§ **Task goal**: Every line in the entries that holds "rotation" should be identified and copied.

━━━━

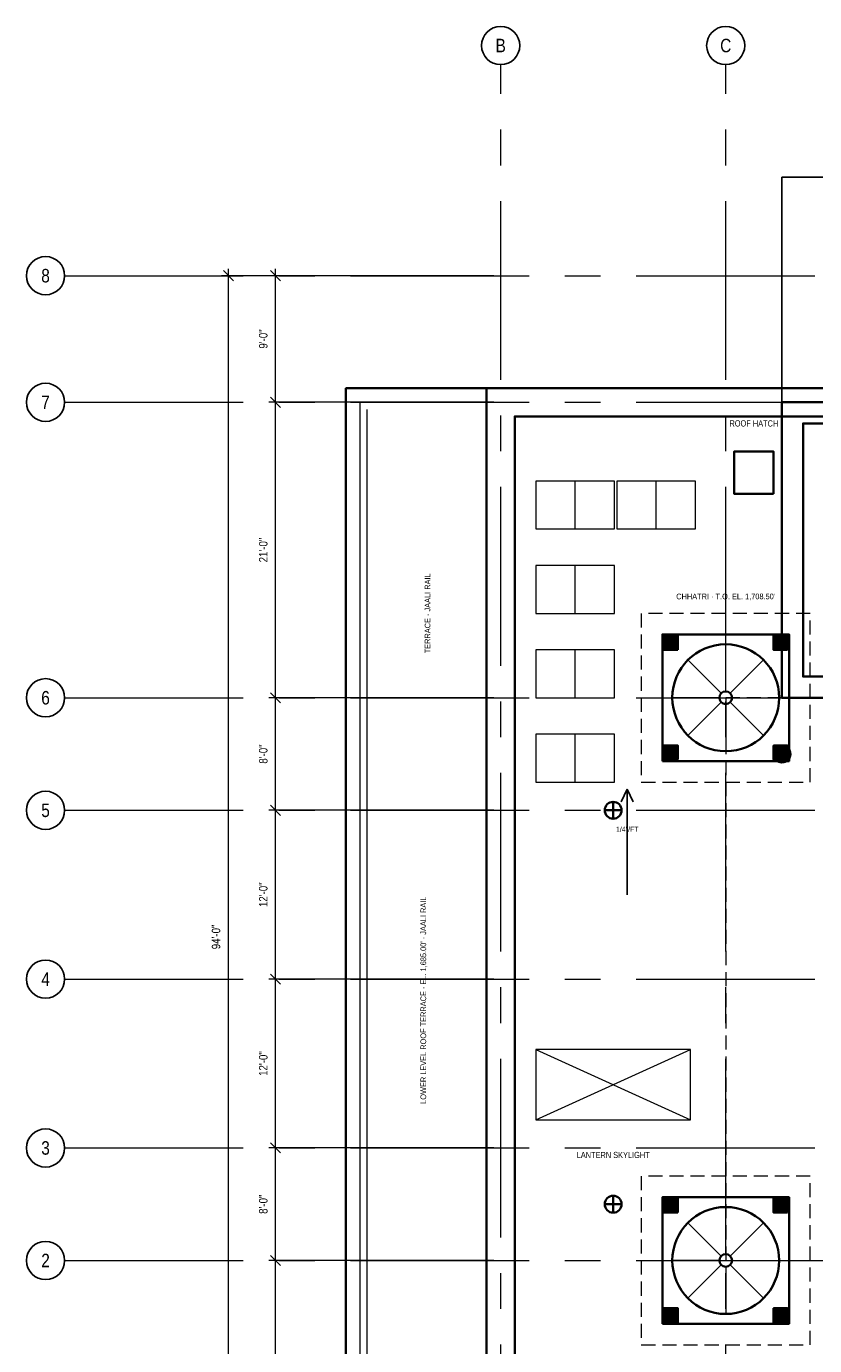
# Model space of a CAD drawing. Header units: inches. Extents: x -573 to 5349, y -139 to 1809.
# Tile 11 of 12: x 3795 to 4468, y 575 to 1701. Entities that reach past the tile are written whole.
import ezdxf
from ezdxf.enums import TextEntityAlignment as Align

# ---------------------------------------------------------------- set-up
doc = ezdxf.new("R2010")
doc.units = ezdxf.units.IN
doc.header["$LTSCALE"] = 48
doc.header["$MEASUREMENT"] = 0
for name, pattern in [('CENTER', [5.08, 3.175, -0.635, 0.635, -0.635]), ('DASHED', [1.524, 1.27, -0.254]), ('HIDDEN', [0.375, 0.25, -0.125])]:
    doc.linetypes.add(name, pattern=pattern)
for name, color, linetype, lineweight in [('A-ANNO-DIMS', 3, 'CONTINUOUS', 18), ('A-ANNO-SYMB', 7, 'CONTINUOUS', 25), ('A-ANNO-TEXT', 7, 'CONTINUOUS', 25), ('A-COLS', 1, 'CONTINUOUS', 35), ('A-FLOR-OVHD', 8, 'DASHED', 18), ('A-GLAZ', 4, 'CONTINUOUS', 18), ('A-GRID', 8, 'CENTER', 18), ('A-ROOF', 7, 'CONTINUOUS', 35), ('A-ROOF-HIDN', 8, 'HIDDEN', 18), ('A-ROOF-PATT', 8, 'CONTINUOUS', 9), ('L-SITE', 7, 'CONTINUOUS', 25)]:
    doc.layers.add(name, color=color, linetype=linetype, lineweight=lineweight)
doc.styles.add('JM', font='IBMPlexSansCondensed-Regular.ttf')

msp = doc.modelspace()

# ---------------------------------------------------------------- hatches: boundary and pattern name
at = {"layer": 'A-COLS'}
h = msp.add_hatch(color=7, dxfattribs=at)
h.dxf.hatch_style = 1
h.paths.add_polyline_path([(4351.2, 1168.8), (4351.2, 1180.8), (4339.2, 1180.8), (4339.2, 1168.8)])
h = msp.add_hatch(color=7, dxfattribs=at)
h.dxf.hatch_style = 1
h.paths.add_polyline_path([(4444.8, 1168.8), (4444.8, 1180.8), (4432.8, 1180.8), (4432.8, 1168.8)])
h = msp.add_hatch(color=7, dxfattribs=at)
h.dxf.hatch_style = 1
h.paths.add_polyline_path([(4351.2, 1075.2), (4351.2, 1087.2), (4339.2, 1087.2), (4339.2, 1075.2)])
h = msp.add_hatch(color=7, dxfattribs=at)
h.dxf.hatch_style = 1
h.paths.add_polyline_path([(4444.8, 1075.2), (4444.8, 1087.2), (4432.8, 1087.2), (4432.8, 1075.2)])
h = msp.add_hatch(color=7, dxfattribs=at)
h.dxf.hatch_style = 1
h.paths.add_polyline_path([(4351.2, 688.8), (4351.2, 700.8), (4339.2, 700.8), (4339.2, 688.8)])
h = msp.add_hatch(color=7, dxfattribs=at)
h.dxf.hatch_style = 1
h.paths.add_polyline_path([(4444.8, 688.8), (4444.8, 700.8), (4432.8, 700.8), (4432.8, 688.8)])
h = msp.add_hatch(color=7, dxfattribs=at)
h.dxf.hatch_style = 1
h.paths.add_polyline_path([(4351.2, 595.2), (4351.2, 607.2), (4339.2, 607.2), (4339.2, 595.2)])
h = msp.add_hatch(color=7, dxfattribs=at)
h.dxf.hatch_style = 1
h.paths.add_polyline_path([(4444.8, 595.2), (4444.8, 607.2), (4432.8, 607.2), (4432.8, 595.2)])

# ---------------------------------------------------------------- linework, layer by layer
at = {"layer": 'A-ANNO-DIMS'}
for p, q in [((4194.2, 1488), (3961.9, 1488)), ((3972, 1483.7), (3963.4, 1492.3)), ((3967.7, 354.2), (3967.7, 1493.8)), ((4194.2, 1488), (4002.2, 1488)), ((4012.3, 1483.7), (4003.7, 1492.3)), ((4008, 1374.2), (4008, 1493.8)), ((4012.3, 1375.7), (4003.7, 1384.3)), ((4012.3, 1375.7), (4003.7, 1384.3)), ((4008, 1122.2), (4008, 1385.8)), ((4194.2, 1380), (4002.2, 1380)), ((4194.2, 1380), (4002.2, 1380)), ((4194.2, 1128), (4002.2, 1128)), ((4194.2, 1128), (4002.2, 1128)), ((4012.3, 1123.7), (4003.7, 1132.3)), ((4012.3, 1123.7), (4003.7, 1132.3)), ((4008, 1026.2), (4008, 1133.8)), ((4012.3, 1027.7), (4003.7, 1036.3)), ((4012.3, 1027.7), (4003.7, 1036.3)), ((4008, 882.2), (4008, 1037.8)), ((4194.2, 1032), (4002.2, 1032)), ((4194.2, 1032), (4002.2, 1032)), ((4012.3, 883.7), (4003.7, 892.3)), ((4012.3, 883.7), (4003.7, 892.3)), ((4008, 738.2), (4008, 893.8)), ((4194.2, 888), (4002.2, 888)), ((4194.2, 888), (4002.2, 888)), ((4194.2, 744), (4002.2, 744)), ((4194.2, 744), (4002.2, 744)), ((4012.3, 739.7), (4003.7, 748.3)), ((4012.3, 739.7), (4003.7, 748.3)), ((4008, 642.2), (4008, 749.8)), ((4008, 354.2), (4008, 653.8)), ((4194.2, 648), (4002.2, 648)), ((4194.2, 648), (4002.2, 648)), ((4012.3, 643.7), (4003.7, 652.3)), ((4012.3, 643.7), (4003.7, 652.3))]:
    msp.add_line(p, q, dxfattribs=at)
at = {"layer": 'A-ANNO-SYMB'}
for p, q in [((4308, 1050), (4302.9, 1039.2)), ((4308, 960), (4308, 1050)), ((4308, 1050), (4313.1, 1039.2))]:
    msp.add_line(p, q, dxfattribs=at)
for centre in [(4200, 1684.3), (4392, 1684.3), (3811.7, 1488), (3811.7, 1380), (3811.7, 1128), (3811.7, 1032), (3811.7, 888), (3811.7, 744), (3811.7, 648)]:
    msp.add_circle(centre, 16.3, dxfattribs=at)
at = {"layer": 'A-COLS'}
for points in [[(4351.2, 1168.8), (4351.2, 1180.8), (4339.2, 1180.8), (4339.2, 1168.8)], [(4444.8, 1168.8), (4444.8, 1180.8), (4432.8, 1180.8), (4432.8, 1168.8)], [(4351.2, 1075.2), (4351.2, 1087.2), (4339.2, 1087.2), (4339.2, 1075.2)], [(4444.8, 1075.2), (4444.8, 1087.2), (4432.8, 1087.2), (4432.8, 1075.2)], [(4351.2, 688.8), (4351.2, 700.8), (4339.2, 700.8), (4339.2, 688.8)], [(4444.8, 688.8), (4444.8, 700.8), (4432.8, 700.8), (4432.8, 688.8)], [(4351.2, 595.2), (4351.2, 607.2), (4339.2, 607.2), (4339.2, 595.2)], [(4444.8, 595.2), (4444.8, 607.2), (4432.8, 607.2), (4432.8, 595.2)]]:
    msp.add_lwpolyline(points, close=True, dxfattribs=at)
at = {"layer": 'A-FLOR-OVHD'}
msp.add_line((4080, 360), (4080, 1380), dxfattribs=at)
at = {"layer": 'A-GLAZ'}
for p, q in [((4440, 1572), (5040, 1572)), ((4086, 366), (4086, 1374)), ((4230, 768), (4362, 828)), ((4230, 828), (4362, 768))]:
    msp.add_line(p, q, dxfattribs=at)
msp.add_lwpolyline([(4362, 768), (4362, 828), (4230, 828), (4230, 768)], close=True, dxfattribs=at)
at = {"layer": 'A-GRID'}
for p, q in [((4200, 180), (4200, 1668)), ((4392, 180), (4392, 1668)), ((3828, 1488), (5316, 1488)), ((3828, 1380), (5316, 1380)), ((3828, 1128), (5316, 1128)), ((3828, 1032), (5316, 1032)), ((3828, 888), (5316, 888)), ((3828, 744), (5316, 744)), ((3828, 648), (5316, 648))]:
    msp.add_line(p, q, dxfattribs=at)
at = {"layer": 'A-ROOF'}
for p, q in [((4440, 1072.8), (4440, 1087.2)), ((4432.8, 1080), (4447.2, 1080)), ((4296, 1024.8), (4296, 1039.2)), ((4288.8, 1032), (4303.2, 1032)), ((4296, 688.8), (4296, 703.2)), ((4288.8, 696), (4303.2, 696))]:
    msp.add_line(p, q, dxfattribs=at)
for points in [[(4188, 1392), (4548, 1392), (4548, 1500), (4716, 1500), (4716, 1392), (5052, 1392), (5052, 972), (5172, 972), (5172, 348), (4188, 348)], [(4188, 348), (4188, 1392), (4548, 1392), (4548, 1500), (4716, 1500), (4716, 1392), (5052, 1392), (5052, 972), (5172, 972), (5172, 348)], [(5148, 372), (5148, 948), (5028, 948), (5028, 1368), (4692, 1368), (4692, 1476), (4572, 1476), (4572, 1368), (4212, 1368), (4212, 372)], [(4212, 372), (4212, 1368), (4572, 1368), (4572, 1476), (4692, 1476), (4692, 1368), (5028, 1368), (5028, 948), (5148, 948), (5148, 372)], [(4824, 1128), (4824, 1380), (4440, 1380), (4440, 1128)], [(4806, 1146), (4806, 1362), (4458, 1362), (4458, 1146)], [(4432.8, 1302), (4432.8, 1338), (4399.2, 1338), (4399.2, 1302)], [(4338, 1074), (4446, 1074), (4446, 1182), (4338, 1182)], [(4338, 594), (4446, 594), (4446, 702), (4338, 702)]]:
    msp.add_lwpolyline(points, close=True, dxfattribs=at)
msp.add_lwpolyline([(4068, 348), (4068, 1392), (4188, 1392)], dxfattribs=at)
for centre, radius in [((4392, 1128), 45.6), ((4392, 1128), 5.4), ((4440, 1080), 7.2), ((4296, 1032), 7.2), ((4296, 696), 7.2), ((4392, 648), 45.6), ((4392, 648), 5.4)]:
    msp.add_circle(centre, radius, dxfattribs=at)
at = {"layer": 'A-ROOF-HIDN'}
for points in [[(4320, 1056), (4464, 1056), (4464, 1200), (4320, 1200)], [(4872, 648), (4872, 1128), (4392, 1128), (4392, 648)], [(4320, 576), (4464, 576), (4464, 720), (4320, 720)]]:
    msp.add_lwpolyline(points, close=True, dxfattribs=at)
at = {"layer": 'A-ROOF-PATT'}
for p, q in [((4080, 360), (4080, 1380)), ((4263.6, 1272), (4263.6, 1312.8)), ((4332.6, 1272), (4332.6, 1312.8)), ((4263.6, 1200), (4263.6, 1240.8)), ((4392, 1133.4), (4392, 1173.6)), ((4263.6, 1128), (4263.6, 1168.8)), ((4388.2, 1131.8), (4359.8, 1160.2)), ((4395.8, 1131.8), (4424.2, 1160.2)), ((4386.6, 1128), (4346.4, 1128)), ((4397.4, 1128), (4437.6, 1128)), ((4388.2, 1124.2), (4359.8, 1095.8)), ((4392, 1122.6), (4392, 1082.4)), ((4395.8, 1124.2), (4424.2, 1095.8)), ((4263.6, 1056), (4263.6, 1096.8)), ((4392, 653.4), (4392, 693.6)), ((4388.2, 651.8), (4359.8, 680.2)), ((4395.8, 651.8), (4424.2, 680.2)), ((4386.6, 648), (4346.4, 648)), ((4388.2, 644.2), (4359.8, 615.8)), ((4392, 642.6), (4392, 602.4)), ((4395.8, 644.2), (4424.2, 615.8)), ((4397.4, 648), (4437.6, 648))]:
    msp.add_line(p, q, dxfattribs=at)
for points in [[(4230, 1272), (4297.2, 1272), (4297.2, 1312.8), (4230, 1312.8)], [(4299, 1272), (4366.2, 1272), (4366.2, 1312.8), (4299, 1312.8)], [(4230, 1200), (4297.2, 1200), (4297.2, 1240.8), (4230, 1240.8)], [(4230, 1128), (4297.2, 1128), (4297.2, 1168.8), (4230, 1168.8)], [(4230, 1056), (4297.2, 1056), (4297.2, 1096.8), (4230, 1096.8)]]:
    msp.add_lwpolyline(points, close=True, dxfattribs=at)
at = {"layer": 'L-SITE'}
msp.add_lwpolyline([(4440, 1380), (4560, 1380), (4560, 1488), (4704, 1488), (4704, 1380), (5040, 1380), (5040, 1572), (4440, 1572)], close=True, dxfattribs=at)

# ---------------------------------------------------------------- texts
at = {"layer": 'A-ANNO-DIMS', "style": 'JM'}
for s, p in [('9\'-0"', (4003.2, 1434)), ('21\'-0"', (4003.2, 1254)), ('8\'-0"', (4003.2, 1080)), ('12\'-0"', (4003.2, 960)), ('94\'-0"', (3962.9, 924)), ('12\'-0"', (4003.2, 816)), ('8\'-0"', (4003.2, 696))]:
    msp.add_text(s, height=7.2, rotation=90, dxfattribs=at).set_placement(p, align=Align.BOTTOM_CENTER)
at = {"layer": 'A-ANNO-SYMB', "style": 'JM'}
for s, p in [('B', (4200, 1684.3)), ('C', (4392, 1684.3)), ('8', (3811.7, 1488)), ('7', (3811.7, 1380)), ('6', (3811.7, 1128)), ('5', (3811.7, 1032)), ('4', (3811.7, 888)), ('3', (3811.7, 744)), ('2', (3811.7, 648))]:
    msp.add_text(s, height=11.5, dxfattribs=at).set_placement(p, align=Align.MIDDLE_CENTER)
at = {"layer": 'A-ANNO-TEXT', "style": 'JM'}
for s, height, p in [('ROOF HATCH', 5.28, (4416, 1362)), ("CHHATRI · T.O. EL. 1,708.50'", 4.8, (4392, 1214.4)), ('1/4"/FT', 4.32, (4308, 1015.8)), ('LANTERN SKYLIGHT', 5.28, (4296, 738))]:
    msp.add_text(s, height=height, dxfattribs=at).set_placement(p, align=Align.MIDDLE_CENTER)
for s, p in [('TERRACE · JAALI RAIL', (4137.6, 1200)), ("LOWER LEVEL ROOF TERRACE · EL. 1,685.00' · JAALI RAIL", (4134, 870))]:
    msp.add_text(s, height=4.8, rotation=90, dxfattribs=at).set_placement(p, align=Align.MIDDLE_CENTER)

doc.saveas('drawing.dxf')

━━━━

§ **Reply**:
    msp.add_text(s, height=7.2, rotation=90, dxfattribs=at).set_placement(p, align=Align.BOTTOM_CENTER)
    msp.add_text(s, height=4.8, rotation=90, dxfattribs=at).set_placement(p, align=Align.MIDDLE_CENTER)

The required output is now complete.